Stored data entries
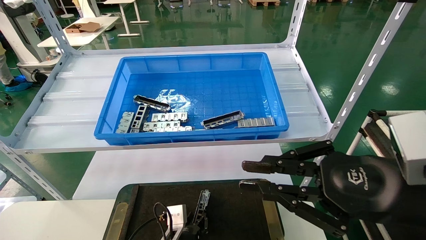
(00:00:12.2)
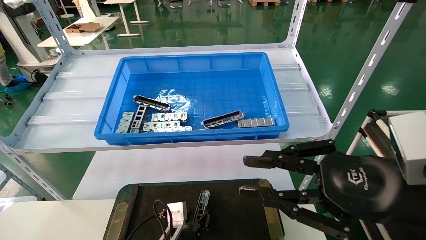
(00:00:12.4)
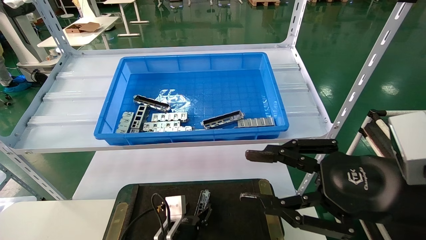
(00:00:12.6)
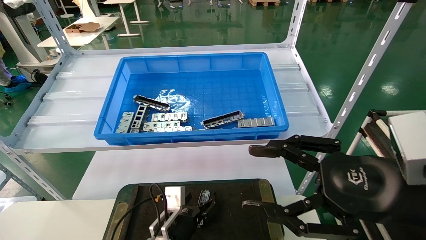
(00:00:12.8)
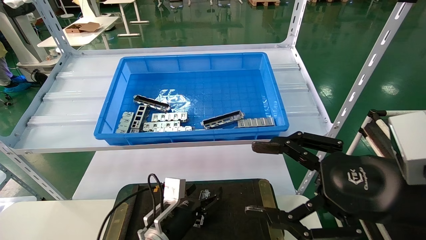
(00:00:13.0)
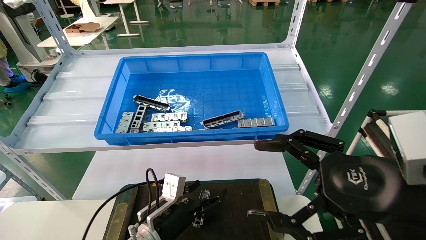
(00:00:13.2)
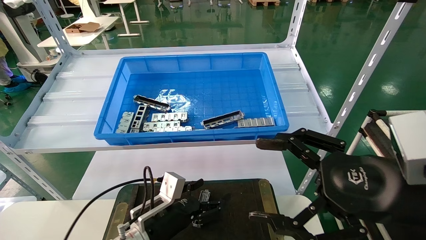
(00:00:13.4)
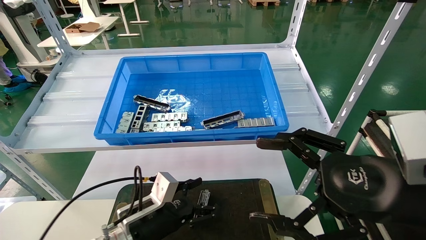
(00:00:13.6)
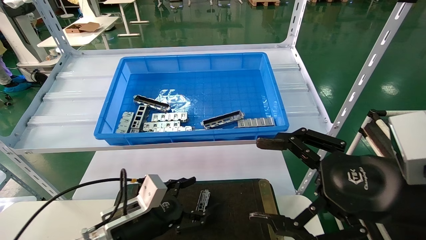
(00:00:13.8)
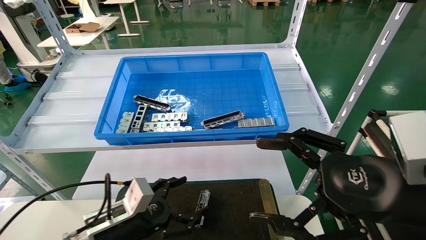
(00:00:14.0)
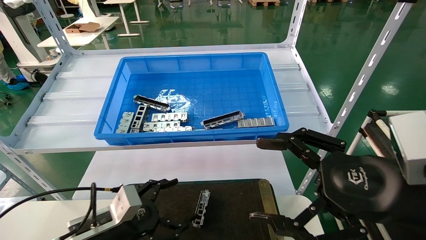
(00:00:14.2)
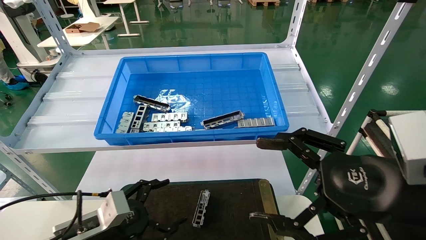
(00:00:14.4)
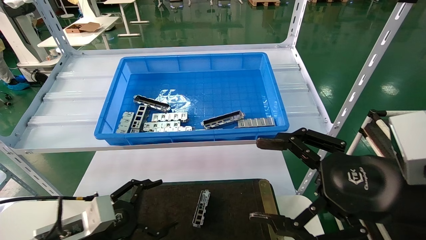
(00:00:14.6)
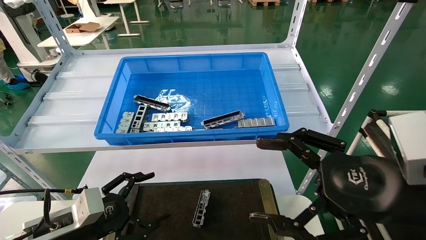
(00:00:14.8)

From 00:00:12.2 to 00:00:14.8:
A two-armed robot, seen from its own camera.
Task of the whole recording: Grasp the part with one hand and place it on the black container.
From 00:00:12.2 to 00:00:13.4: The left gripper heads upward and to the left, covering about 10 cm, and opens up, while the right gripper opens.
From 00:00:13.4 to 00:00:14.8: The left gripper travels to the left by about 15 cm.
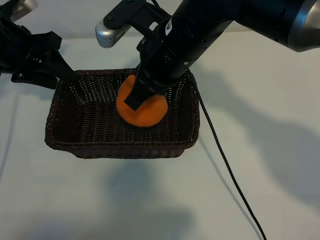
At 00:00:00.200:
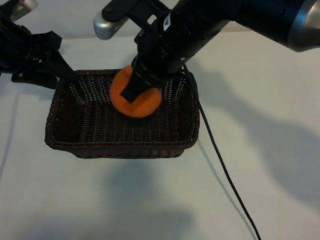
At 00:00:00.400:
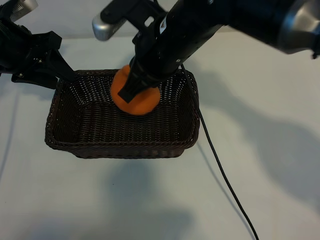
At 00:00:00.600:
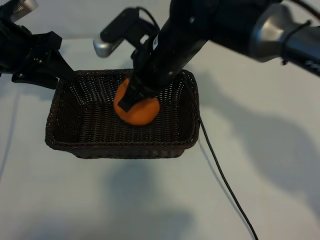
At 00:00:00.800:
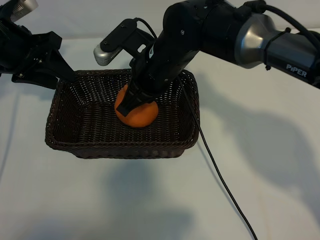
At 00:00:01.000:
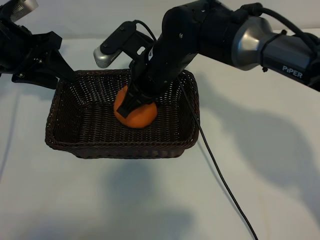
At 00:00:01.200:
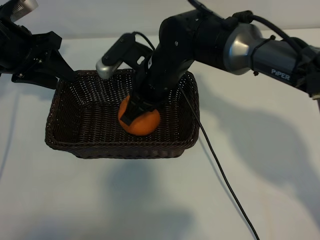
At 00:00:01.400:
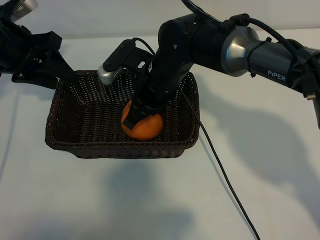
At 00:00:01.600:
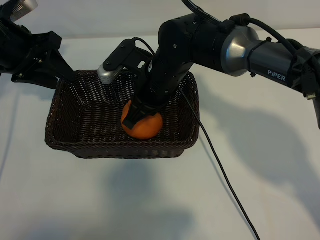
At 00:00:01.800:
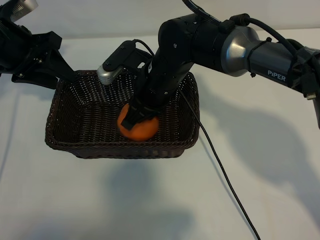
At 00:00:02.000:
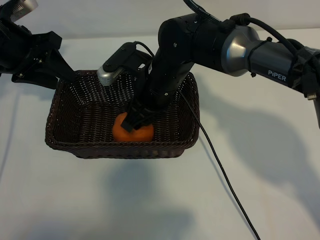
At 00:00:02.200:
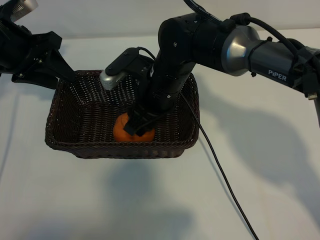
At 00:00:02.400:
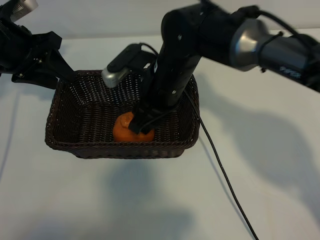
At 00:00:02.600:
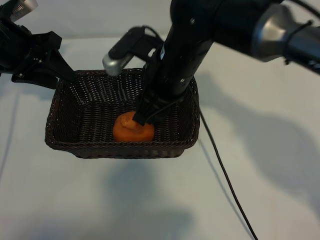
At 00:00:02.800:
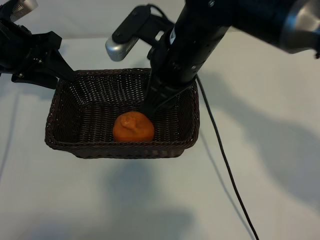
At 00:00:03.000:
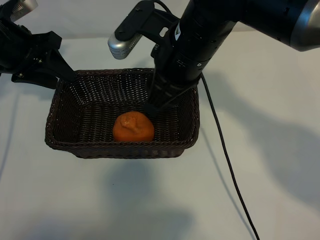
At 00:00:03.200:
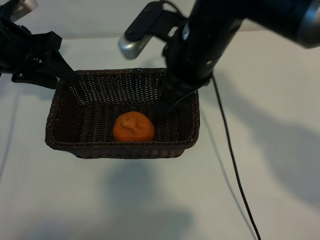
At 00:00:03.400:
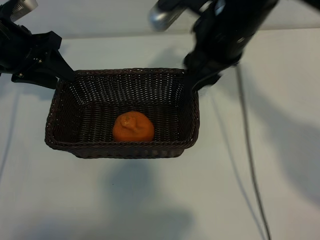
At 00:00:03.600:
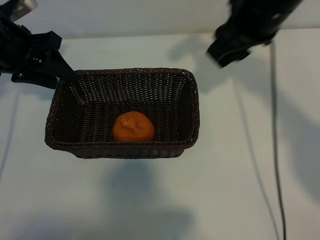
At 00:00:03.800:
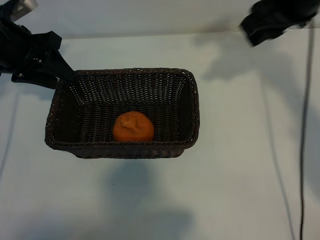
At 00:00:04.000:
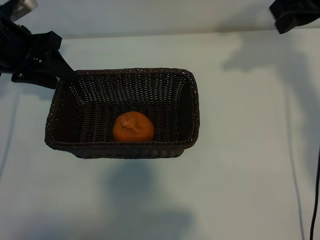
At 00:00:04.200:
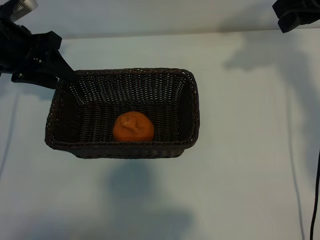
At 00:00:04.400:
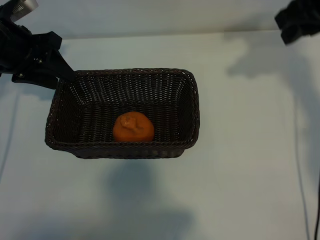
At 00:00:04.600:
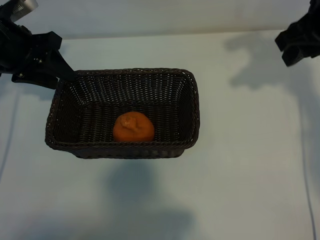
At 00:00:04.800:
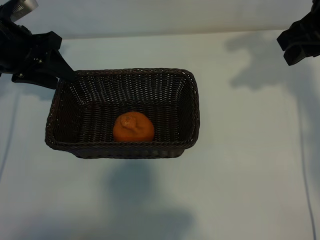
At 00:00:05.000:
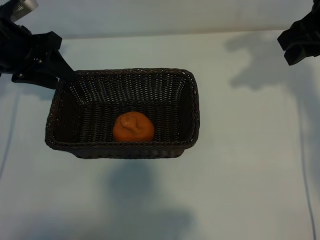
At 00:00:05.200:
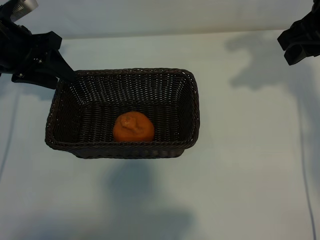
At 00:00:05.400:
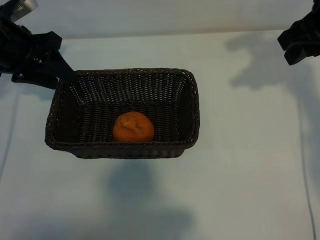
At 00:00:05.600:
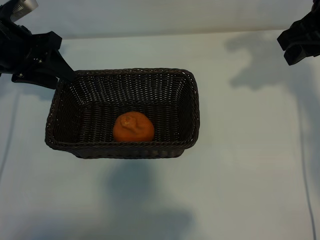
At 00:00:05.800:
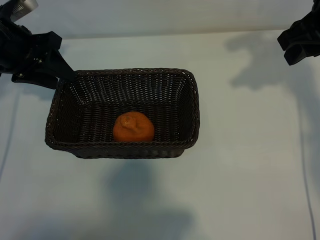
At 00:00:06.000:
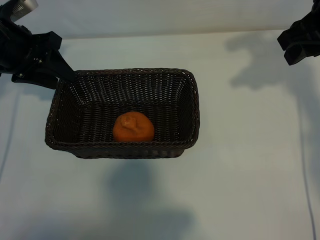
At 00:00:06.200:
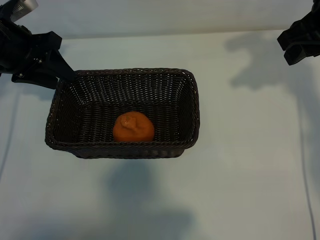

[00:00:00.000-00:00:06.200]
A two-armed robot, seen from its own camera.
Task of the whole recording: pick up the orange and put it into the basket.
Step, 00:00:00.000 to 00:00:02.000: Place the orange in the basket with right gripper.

TASK PROMPT: Copy the data precisely. Skip every picture.

COMPLETED TASK:
(00:00:12.2)
(00:00:12.4)
(00:00:12.6)
(00:00:12.8)
(00:00:13.0)
(00:00:13.2)
(00:00:13.4)
(00:00:13.6)
(00:00:13.8)
(00:00:14.0)
(00:00:14.2)
(00:00:14.4)
(00:00:14.6)
(00:00:14.8)

From 00:00:12.2 to 00:00:14.8:
A two-armed robot, seen from its own camera.
Task of the whole recording: Grasp the part with one hand and place it on the black container.
From 00:00:12.2 to 00:00:13.4: The left gripper heads upward and to the left, covering about 10 cm, and opens up, while the right gripper opens.
From 00:00:13.4 to 00:00:14.8: The left gripper travels to the left by about 15 cm.
At 00:00:00.200:
At 00:00:00.400:
At 00:00:00.600:
At 00:00:00.800:
At 00:00:01.000:
At 00:00:01.200:
At 00:00:01.400:
At 00:00:01.600:
At 00:00:01.800:
At 00:00:02.000:
At 00:00:02.200:
At 00:00:02.400:
At 00:00:02.600:
At 00:00:02.800:
At 00:00:03.000:
At 00:00:03.200:
At 00:00:03.400:
At 00:00:03.600:
At 00:00:03.800:
At 00:00:04.000:
At 00:00:04.200:
At 00:00:04.400:
At 00:00:04.600:
At 00:00:04.800:
At 00:00:05.000:
At 00:00:05.200:
At 00:00:05.400:
At 00:00:05.600:
At 00:00:05.800:
At 00:00:06.000:
At 00:00:06.200:

[00:00:00.000-00:00:06.200]
A two-armed robot, seen from its own camera.
Task of the whole recording: pick up the orange and put it into the basket.
Step, 00:00:00.000 to 00:00:02.000: Place the orange in the basket with right gripper.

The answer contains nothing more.